(Source data)
»»
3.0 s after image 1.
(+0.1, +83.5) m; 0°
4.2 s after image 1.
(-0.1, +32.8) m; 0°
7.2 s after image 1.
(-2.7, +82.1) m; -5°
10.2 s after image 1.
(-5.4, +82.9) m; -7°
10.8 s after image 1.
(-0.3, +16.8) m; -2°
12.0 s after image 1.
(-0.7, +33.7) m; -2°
««
▶ _Goal of the exercise_: Copy the records above exactly, leaving nothing out.

▶ _Output for this task_:
3.0 s after image 1.
(+0.1, +83.5) m; 0°
4.2 s after image 1.
(-0.1, +32.8) m; 0°
7.2 s after image 1.
(-2.7, +82.1) m; -5°
10.2 s after image 1.
(-5.4, +82.9) m; -7°
10.8 s after image 1.
(-0.3, +16.8) m; -2°
12.0 s after image 1.
(-0.7, +33.7) m; -2°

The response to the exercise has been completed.